Inhibitors of T-cell proliferation
Effective T-cell activation requires T-cell proliferation. The new anti-interleukin-2 α chain receptor monoclonal antibodies cannot completely block T-cell proliferation as proliferative signals may occur through the intermediate affinity interleukin 2 receptor βγ or through pathways that involve cytokines other than IL2. The current approaches to blocking T-cell expansion are the disruption ofcytokine signaling or the inhibition of nucleotide incorporation required for cellular proliferation. Signaling through the γ chain requires activation of the Janus protein tyrosine kinase, JAK3, which also mediates signals from receptors for IL4, IL7, IL9 and IL15. Since JAK3 is required for the transduction of proliferative signals, inhibitors of JAK3 can be potentially powerful and useful drugs in transplantation (32). Individuals genetically lacking JAK3 have severe immunodeficiency disease (33). Whether JAK3 inhibitors turn out to be prohibitively immunosuppressive remains to be determined. Several JAK3 inhibitors, including one from Pfizer Pharmaceuticals, are development candidates for transplantation.

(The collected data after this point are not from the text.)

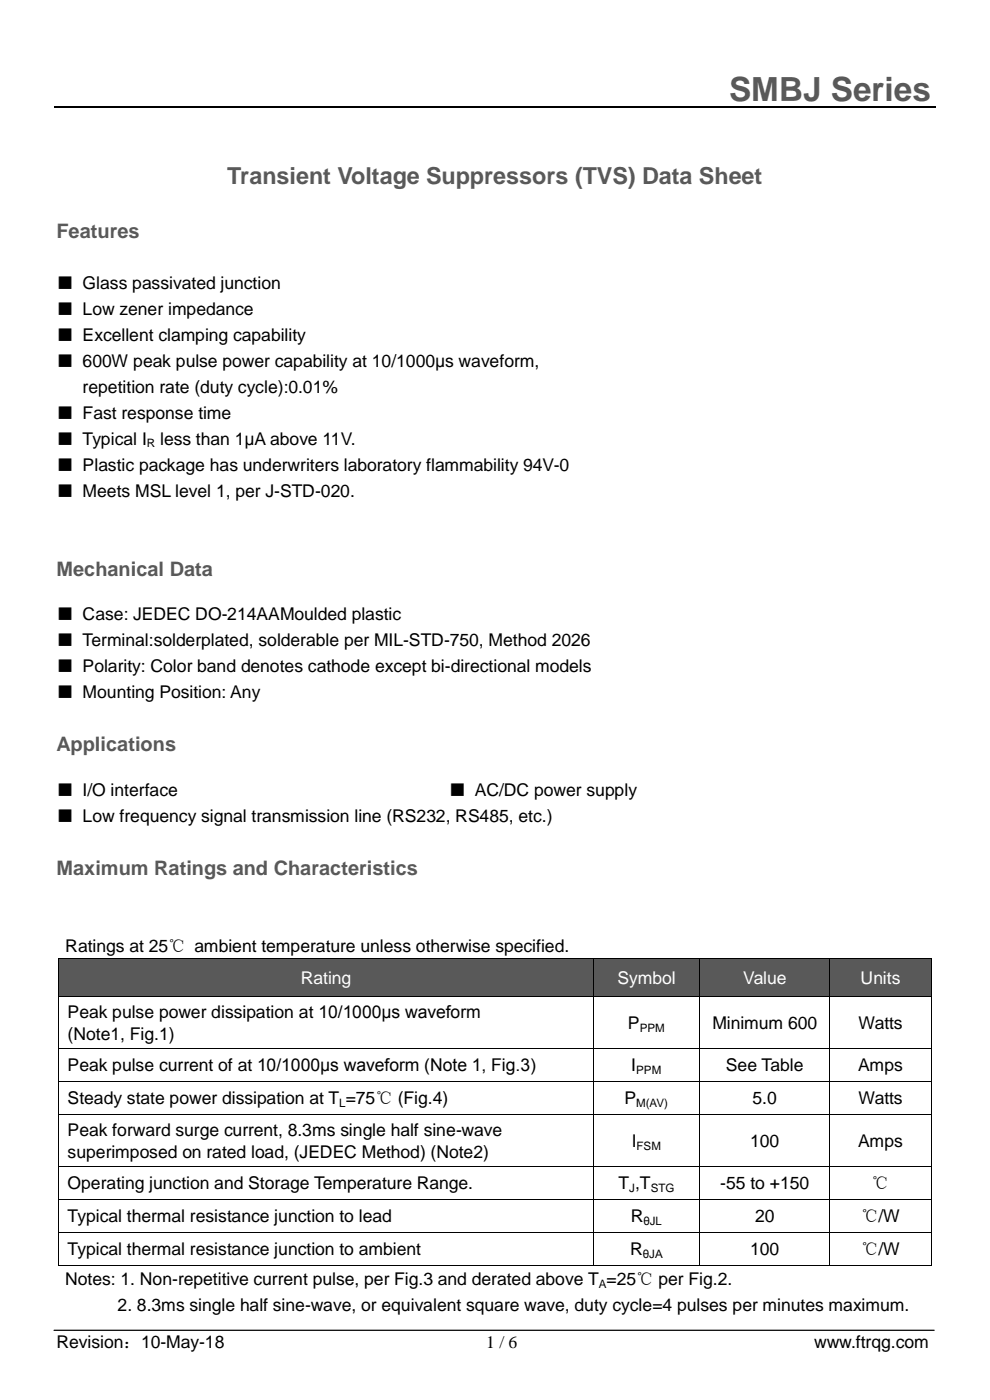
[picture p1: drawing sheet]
<svg xmlns="http://www.w3.org/2000/svg" width="210mm" height="297mm" viewBox="0 0 210 297" stroke-linecap="round" stroke-linejoin="round" font-family="sans-serif">
<defs><g id="words">
<text font-size="7.1" fill="#595959" x="154.7" y="21.5">SMBJ Series</text>
<text font-size="5" fill="#595959" x="48.2" y="39">Transient Voltage Suppressors (TVS) Data Sheet</text>
<g font-size="4.2" fill="#595959">
<text x="12" y="50.6">Features</text>
<text x="12" y="122.1">Mechanical Data</text>
<text x="12" y="159.4">Applications</text>
<text x="12" y="185.6">Maximum Ratings and Characteristics</text>
</g>
<g font-size="3.7">
<text x="12" y="61.3">■ Glass passivated junction</text>
<text x="12" y="66.9">■ Low zener impedance</text>
<text x="12" y="72.4">■ Excellent clamping capability</text>
<text x="12" y="77.9">■ 600W peak pulse power capability at 10/1000μs waveform,</text>
<text x="17.5" y="83.3">repetition rate (duty cycle):0.01%</text>
<text x="12" y="88.9">■ Fast response time</text>
<text x="12" y="94.4">■ Typical I</text>
<text x="34" y="94.4">less than 1μA above 11V.</text>
<text x="12" y="99.9">■ Plastic package has underwriters laboratory flammability 94V-0</text>
<text x="12" y="105.4">■ Meets MSL level 1, per J-STD-020.</text>
<text x="12" y="131.6">■ Case: JEDEC DO-214AAMoulded plastic</text>
<text x="12" y="137.1">■ Terminal:solderplated, solderable per MIL-STD-750, Method 2026</text>
<text x="12" y="142.6">■ Polarity: Color band denotes cathode except bi-directional models</text>
<text x="12" y="148.1">■ Mounting Position: Any</text>
<text x="12" y="168.9">■ I/O interface</text>
<text x="95.2" y="168.9">■ AC/DC power supply</text>
<text x="12" y="174.4">■ Low frequency signal transmission line (RS232, RS485, etc.)</text>
<text x="13.8" y="201.9">Ratings at 25℃ ambient temperature unless otherwise specified.</text>
<text x="14.4" y="216">Peak pulse power dissipation at 10/1000μs waveform</text>
<text x="14.4" y="220.6">(Note1, Fig.1)</text>
<text x="133.2" y="218.3">P</text>
<text x="151.1" y="218.3">Minimum 600</text>
<text x="182.1" y="218.3">Watts</text>
<text x="14.4" y="227.3">Peak pulse current of at 10/1000μs waveform (Note 1, Fig.3)</text>
<text x="133.9" y="227.3">I</text>
<text x="154" y="227.3">See Table</text>
<text x="182" y="227.3">Amps</text>
<text x="14.4" y="234.3">Steady state power dissipation at T =75℃ (Fig.4)</text>
<text x="132.5" y="234.3">P</text>
<text x="159.6" y="234.3">5.0</text>
<text x="182.1" y="234.3">Watts</text>
<text x="14.4" y="241">Peak forward surge current, 8.3ms single half sine-wave</text>
<text x="14.4" y="245.6">superimposed on rated load, (JEDEC Method) (Note2)</text>
<text x="134" y="243.3">I</text>
<text x="159.1" y="243.3">100</text>
<text x="182" y="243.3">Amps</text>
<text x="14.4" y="252.3">Operating junction and Storage Temperature Range.</text>
<text x="131.2" y="252.3">T ,T</text>
<text x="152.8" y="252.3">-55 to +150</text>
<text x="184.9" y="252.3">℃</text>
<text x="14.4" y="259.3">Typical thermal resistance junction to lead</text>
<text x="133.8" y="259.3">R</text>
<text x="160.2" y="259.3">20</text>
<text x="182.7" y="259.3">℃/W</text>
<text x="14.4" y="266.3">Typical thermal resistance junction to ambient</text>
<text x="133.7" y="266.3">R</text>
<text x="159.1" y="266.3">100</text>
<text x="182.7" y="266.3">℃/W</text>
<text x="13.8" y="272.6">Notes: 1. Non-repetitive current pulse, per Fig.3 and derated above T =25℃ per Fig.2.</text>
<text x="24.9" y="278.1">2. 8.3ms single half sine-wave, or equivalent square wave, duty cycle=4 pulses per minutes maximum.</text>
<text x="12" y="286">Revision：10-May-18</text>
<text x="103.1" y="286">1 / 6</text>
<text x="172.7" y="286">www.ftrqg.com</text>
</g>
<g font-size="3.7" fill="#fff">
<text x="63.8" y="208.7">Rating</text>
<text x="131" y="208.7">Symbol</text>
<text x="157.6" y="208.7">Value</text>
<text x="182.6" y="208.7">Units</text>
</g>
<g font-size="2.5">
<text x="31.2" y="94.9">R</text>
<text x="135.7" y="218.8">PPM</text>
<text x="134.9" y="227.8">PPM</text>
<text x="72" y="234.9">L</text>
<text x="135" y="234.9">M(AV)</text>
<text x="135" y="243.9">FSM</text>
<text x="133.5" y="252.8">J</text>
<text x="138" y="252.8">STG</text>
<text x="136.5" y="259.9">θJL</text>
<text x="136.4" y="266.9">θJA</text>
<text x="127" y="273.2">A</text>
</g>
</g></defs>
<path d="M11.5 22.7h187" fill="none" stroke="#000" stroke-width=".25"/>
<path d="M11.5 282.2h186.7" fill="none" stroke="#000" stroke-width=".26"/>
<g fill="#595959">
<path d="M12.5 203.5h113.3v1.1h-113.3z" fill-rule="evenodd"/>
<path d="M12.5 204.6h1.9v5.5h-1.9z" fill-rule="evenodd"/>
<path d="M124 204.6h1.8v5.5h-1.8z" fill-rule="evenodd"/>
<path d="M12.5 210.1h113.3v1.2h-113.3z" fill-rule="evenodd"/>
<path d="M14.4 204.6h109.6v5.5h-109.6z" fill-rule="evenodd"/>
<path d="M126 203.5h22.3v1.1h-22.3z" fill-rule="evenodd"/>
<path d="M126 204.6h1.8v5.5h-1.8z" fill-rule="evenodd"/>
<path d="M146.5 204.6h1.8v5.5h-1.8z" fill-rule="evenodd"/>
<path d="M126 210.1h22.3v1.2h-22.3z" fill-rule="evenodd"/>
<path d="M127.8 204.6h18.7v5.5h-18.7z" fill-rule="evenodd"/>
<path d="M148.5 203.5h27.4v1.1h-27.4z" fill-rule="evenodd"/>
<path d="M148.5 204.6h1.8v5.5h-1.8z" fill-rule="evenodd"/>
<path d="M174.2 204.6h1.7v5.5h-1.7z" fill-rule="evenodd"/>
<path d="M148.5 210.1h27.4v1.2h-27.4z" fill-rule="evenodd"/>
<path d="M150.3 204.6h23.9v5.5h-23.9z" fill-rule="evenodd"/>
<path d="M176.1 203.5h21.4v1.1h-21.4z" fill-rule="evenodd"/>
<path d="M176.1 204.6h1.8v5.5h-1.8z" fill-rule="evenodd"/>
<path d="M195.7 204.6h1.8v5.5h-1.8z" fill-rule="evenodd"/>
<path d="M176.1 210.1h21.4v1.2h-21.4z" fill-rule="evenodd"/>
<path d="M177.9 204.6h17.8v5.5h-17.8z" fill-rule="evenodd"/>
</g>
<g fill="#000">
<path d="M12.3 203.3h.2v.2h-.2z" fill-rule="evenodd"/>
<path d="M12.3 203.3h.2v.2h-.2z" fill-rule="evenodd"/>
<path d="M12.3 211.3h.2v.2h-.2z" fill-rule="evenodd"/>
<path d="M125.8 203.3h.2v.2h-.2z" fill-rule="evenodd"/>
<path d="M125.8 211.3h.2v.2h-.2z" fill-rule="evenodd"/>
<path d="M148.3 203.3h.2v.2h-.2z" fill-rule="evenodd"/>
<path d="M148.3 211.3h.2v.2h-.2z" fill-rule="evenodd"/>
<path d="M175.9 203.3h.2v.2h-.2z" fill-rule="evenodd"/>
<path d="M175.9 211.3h.2v.2h-.2z" fill-rule="evenodd"/>
<path d="M197.5 203.3h.1v.2h-.1z" fill-rule="evenodd"/>
<path d="M197.5 203.3h.1v.2h-.1z" fill-rule="evenodd"/>
<path d="M197.5 211.3h.1v.2h-.1z" fill-rule="evenodd"/>
<path d="M12.3 222.3h.2v.2h-.2z" fill-rule="evenodd"/>
<path d="M12.3 229.3h.2v.2h-.2z" fill-rule="evenodd"/>
<path d="M12.3 236.3h.2v.2h-.2z" fill-rule="evenodd"/>
<path d="M125.8 222.3h.2v.2h-.2z" fill-rule="evenodd"/>
<path d="M125.8 229.3h.2v.2h-.2z" fill-rule="evenodd"/>
<path d="M125.8 236.3h.2v.2h-.2z" fill-rule="evenodd"/>
<path d="M148.3 222.3h.2v.2h-.2z" fill-rule="evenodd"/>
<path d="M148.3 229.3h.2v.2h-.2z" fill-rule="evenodd"/>
<path d="M148.3 236.3h.2v.2h-.2z" fill-rule="evenodd"/>
<path d="M175.9 222.3h.2v.2h-.2z" fill-rule="evenodd"/>
<path d="M175.9 229.3h.2v.2h-.2z" fill-rule="evenodd"/>
<path d="M175.9 236.3h.2v.2h-.2z" fill-rule="evenodd"/>
<path d="M197.5 222.3h.1v.2h-.1z" fill-rule="evenodd"/>
<path d="M197.5 229.3h.1v.2h-.1z" fill-rule="evenodd"/>
<path d="M197.5 236.3h.1v.2h-.1z" fill-rule="evenodd"/>
<path d="M12.3 247.3h.2v.2h-.2z" fill-rule="evenodd"/>
<path d="M12.3 254.3h.2v.2h-.2z" fill-rule="evenodd"/>
<path d="M125.8 247.3h.2v.2h-.2z" fill-rule="evenodd"/>
<path d="M125.8 254.3h.2v.2h-.2z" fill-rule="evenodd"/>
<path d="M148.3 247.3h.2v.2h-.2z" fill-rule="evenodd"/>
<path d="M148.3 254.3h.2v.2h-.2z" fill-rule="evenodd"/>
<path d="M175.9 247.3h.2v.2h-.2z" fill-rule="evenodd"/>
<path d="M175.9 254.3h.2v.2h-.2z" fill-rule="evenodd"/>
<path d="M197.5 247.3h.1v.2h-.1z" fill-rule="evenodd"/>
<path d="M197.5 254.3h.1v.2h-.1z" fill-rule="evenodd"/>
<path d="M12.3 261.3h.2v.2h-.2z" fill-rule="evenodd"/>
<path d="M12.3 268.3h.2v.2h-.2z" fill-rule="evenodd"/>
<path d="M12.3 268.3h.2v.2h-.2z" fill-rule="evenodd"/>
<path d="M125.8 261.3h.2v.2h-.2z" fill-rule="evenodd"/>
<path d="M125.8 268.3h.2v.2h-.2z" fill-rule="evenodd"/>
<path d="M148.3 261.3h.2v.2h-.2z" fill-rule="evenodd"/>
<path d="M148.3 268.3h.2v.2h-.2z" fill-rule="evenodd"/>
<path d="M175.9 261.3h.2v.2h-.2z" fill-rule="evenodd"/>
<path d="M175.9 268.3h.2v.2h-.2z" fill-rule="evenodd"/>
<path d="M197.5 261.3h.1v.2h-.1z" fill-rule="evenodd"/>
<path d="M197.5 268.3h.1v.2h-.1z" fill-rule="evenodd"/>
<path d="M197.5 268.3h.1v.2h-.1z" fill-rule="evenodd"/>
</g>
<g fill="none" stroke="#000" stroke-width=".21">
<path d="M12.4 203.5v7.8M12.4 211.5v10.8M12.5 203.4h113.3M12.5 211.4h113.3M125.9 203.5v7.8M125.9 211.5v10.8M126 203.4h22.3M126 211.4h22.3M148.4 203.5v7.8M148.4 211.5v10.8M148.5 203.4h27.4M148.5 211.4h27.4"/>
<path d="M176 203.5v7.8M176 211.5v10.8M176.1 203.4h21.4M176.1 211.4h21.4M197.6 203.5v7.8M197.6 211.5v10.8M12.4 222.5v6.8M12.4 229.5v6.8M12.4 236.5v10.8M12.5 222.4h113.3M12.5 229.4h113.3M12.5 236.4h113.3"/>
<path d="M125.9 222.5v6.8M125.9 229.5v6.8M125.9 236.5v10.8M126 222.4h22.3M126 229.4h22.3M126 236.4h22.3M148.4 222.5v6.8M148.4 229.5v6.8M148.4 236.5v10.8M148.5 222.4h27.4M148.5 229.4h27.4M148.5 236.4h27.4"/>
<path d="M176 222.5v6.8M176 229.5v6.8M176 236.5v10.8M176.1 222.4h21.4M176.1 229.4h21.4M176.1 236.4h21.4M197.6 222.5v6.8M197.6 229.5v6.8M197.6 236.5v10.8M12.4 247.5v6.8M12.4 254.5v6.8M12.5 247.4h113.3"/>
<path d="M12.5 254.4h113.3M125.9 247.5v6.8M125.9 254.5v6.8M126 247.4h22.3M126 254.4h22.3M148.4 247.5v6.8M148.4 254.5v6.8M148.5 247.4h27.4M148.5 254.4h27.4M176 247.5v6.8M176 254.5v6.8M176.1 247.4h21.4"/>
<path d="M176.1 254.4h21.4M197.6 247.5v6.8M197.6 254.5v6.8M12.4 261.5v6.8M12.5 261.4h113.3M12.5 268.4h113.3M125.9 261.5v6.8M126 261.4h22.3M126 268.4h22.3M148.4 261.5v6.8M148.5 261.4h27.4M148.5 268.4h27.4"/>
<path d="M176 261.5v6.8M176.1 261.4h21.4M176.1 268.4h21.4M197.6 261.5v6.8"/>
</g>
<use href="#words"/>
</svg>

Novel antimetabolites include Lilly's Gemcitabine, a pyrimidine synthesis inhibitor currently being tested in a miniature swine model for renal transplantation, and FK778. FK778, a new oral immunosuppressive agent under development by Fujisawa Healthcare Inc., is an analog of the active metabolites of leflunomide (34). FK778 has a unique mechanism of action, binding to dihydro-orotate dehydrogenase and inhibiting de novo pyrimidine biosynthesis, thereby blocking T- and B-cell proliferation and strongly suppressing IgM and IgG antibody production. In addition, FK778 appears to have antiviral effects, including the polyoma virus. FK778 is currently in a phase II trial in Europe. A new, rationally designed inhibitor of inosine monophosphate dehydrogenase, VX-497, with a mechanism of action similar to mycophenolate mofetil, has been developed by Vertex and used in clinical studies in patients with psoriasis and hepatitis C. Despite encouraging preclinical studies in renal transplantation in dogs, however, its clinical development in transplantation remains in doubt.